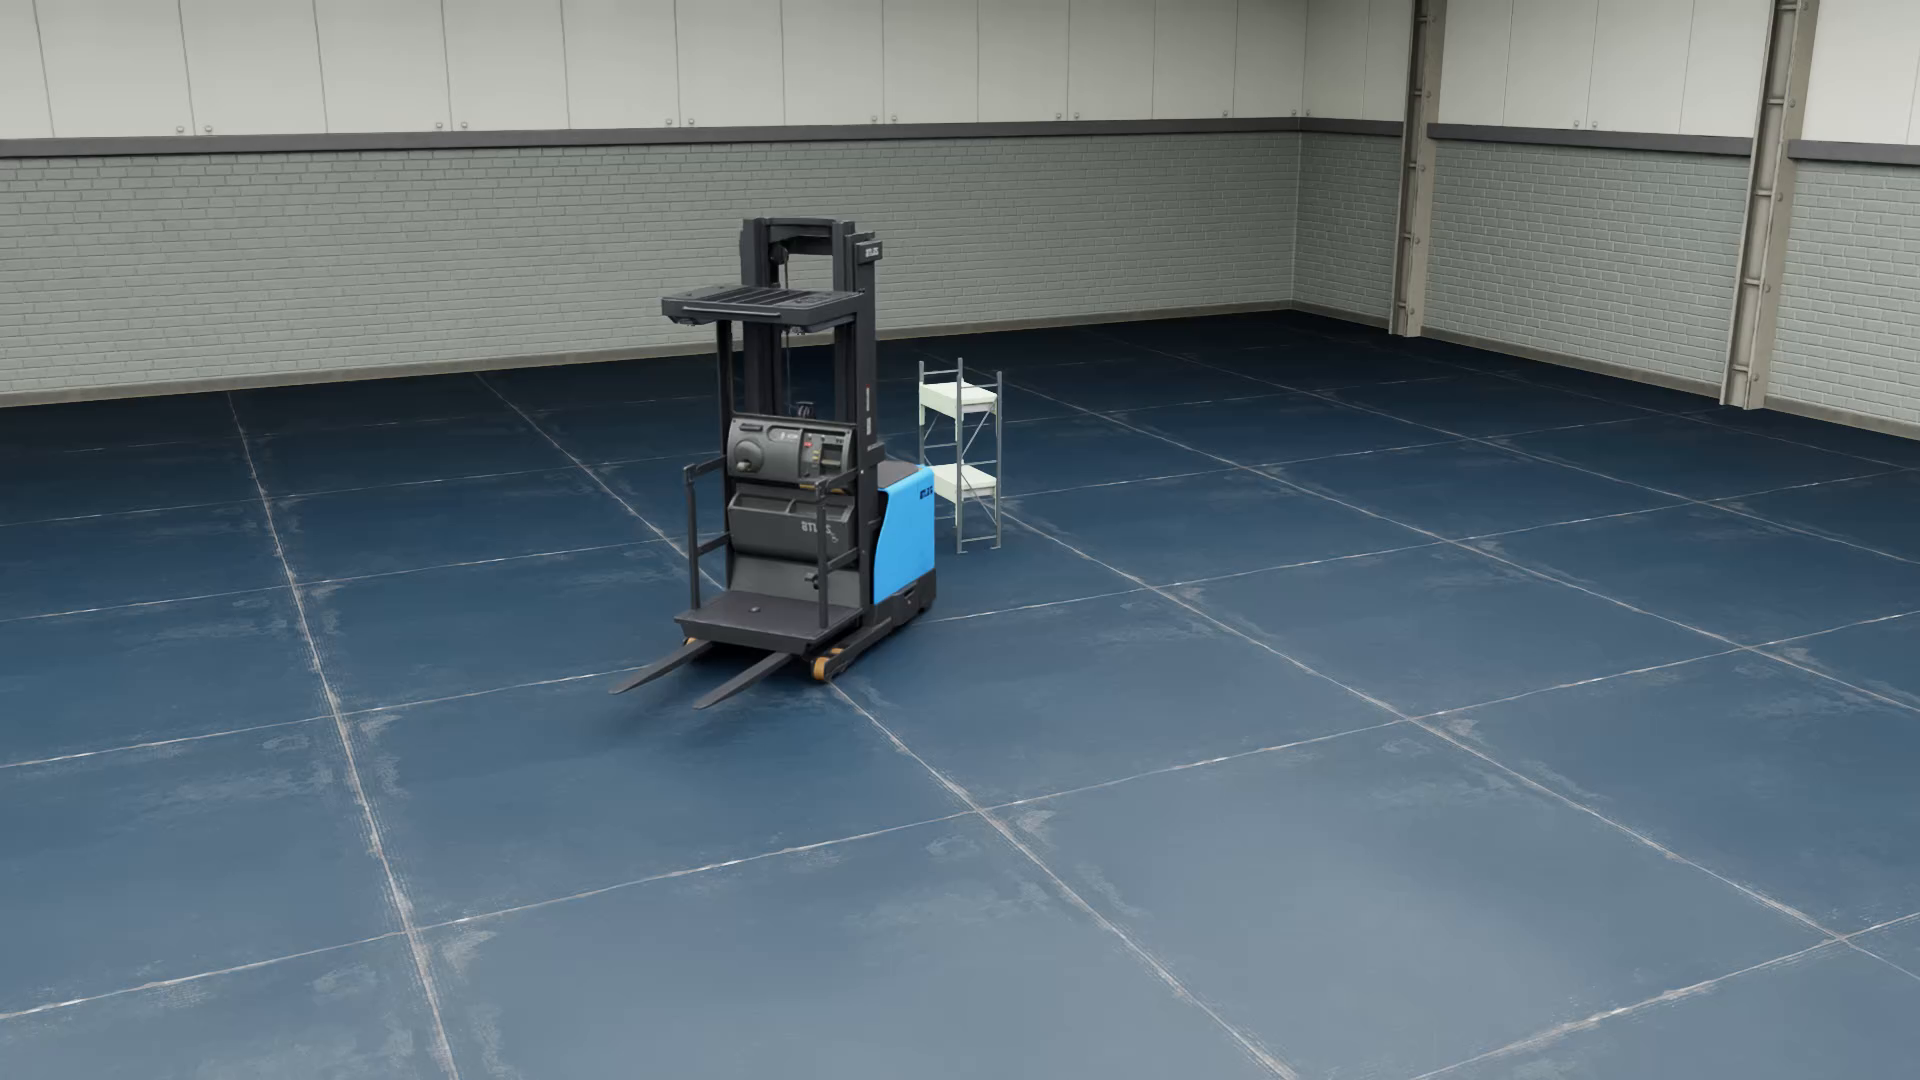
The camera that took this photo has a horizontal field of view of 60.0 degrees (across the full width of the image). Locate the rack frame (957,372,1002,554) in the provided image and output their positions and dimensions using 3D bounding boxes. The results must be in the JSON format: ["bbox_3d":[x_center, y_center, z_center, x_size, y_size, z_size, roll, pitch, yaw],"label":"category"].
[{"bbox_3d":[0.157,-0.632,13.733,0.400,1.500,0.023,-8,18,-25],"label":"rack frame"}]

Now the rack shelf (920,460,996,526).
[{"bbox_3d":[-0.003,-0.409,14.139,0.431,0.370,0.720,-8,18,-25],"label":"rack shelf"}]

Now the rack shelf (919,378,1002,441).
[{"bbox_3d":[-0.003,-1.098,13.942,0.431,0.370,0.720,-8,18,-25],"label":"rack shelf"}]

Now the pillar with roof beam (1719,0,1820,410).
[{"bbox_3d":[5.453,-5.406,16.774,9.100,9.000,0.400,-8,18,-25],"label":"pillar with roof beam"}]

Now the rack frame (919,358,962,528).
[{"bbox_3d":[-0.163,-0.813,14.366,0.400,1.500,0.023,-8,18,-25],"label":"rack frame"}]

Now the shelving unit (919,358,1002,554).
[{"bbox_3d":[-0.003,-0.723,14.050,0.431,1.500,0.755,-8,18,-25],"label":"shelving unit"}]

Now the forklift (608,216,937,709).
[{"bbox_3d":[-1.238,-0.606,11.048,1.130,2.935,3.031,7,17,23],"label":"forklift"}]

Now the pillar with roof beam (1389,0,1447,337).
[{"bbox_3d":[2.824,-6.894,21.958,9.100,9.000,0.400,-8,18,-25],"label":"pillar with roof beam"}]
########################################
#### What needs to be done
Output the listing exactly, pictures excluded.

#### Solution below
The camera that took this photo has a horizontal field of view of 60.0 degrees (across the full width of the image). Locate the rack frame (957,372,1002,554) in the provided image and output their positions and dimensions using 3D bounding boxes. The results must be in the JSON format: ["bbox_3d":[x_center, y_center, z_center, x_size, y_size, z_size, roll, pitch, yaw],"label":"category"].
[{"bbox_3d":[0.157,-0.632,13.733,0.400,1.500,0.023,-8,18,-25],"label":"rack frame"}]

Now the rack shelf (920,460,996,526).
[{"bbox_3d":[-0.003,-0.409,14.139,0.431,0.370,0.720,-8,18,-25],"label":"rack shelf"}]

Now the rack shelf (919,378,1002,441).
[{"bbox_3d":[-0.003,-1.098,13.942,0.431,0.370,0.720,-8,18,-25],"label":"rack shelf"}]

Now the pillar with roof beam (1719,0,1820,410).
[{"bbox_3d":[5.453,-5.406,16.774,9.100,9.000,0.400,-8,18,-25],"label":"pillar with roof beam"}]

Now the rack frame (919,358,962,528).
[{"bbox_3d":[-0.163,-0.813,14.366,0.400,1.500,0.023,-8,18,-25],"label":"rack frame"}]

Now the shelving unit (919,358,1002,554).
[{"bbox_3d":[-0.003,-0.723,14.050,0.431,1.500,0.755,-8,18,-25],"label":"shelving unit"}]

Now the forklift (608,216,937,709).
[{"bbox_3d":[-1.238,-0.606,11.048,1.130,2.935,3.031,7,17,23],"label":"forklift"}]

Now the pillar with roof beam (1389,0,1447,337).
[{"bbox_3d":[2.824,-6.894,21.958,9.100,9.000,0.400,-8,18,-25],"label":"pillar with roof beam"}]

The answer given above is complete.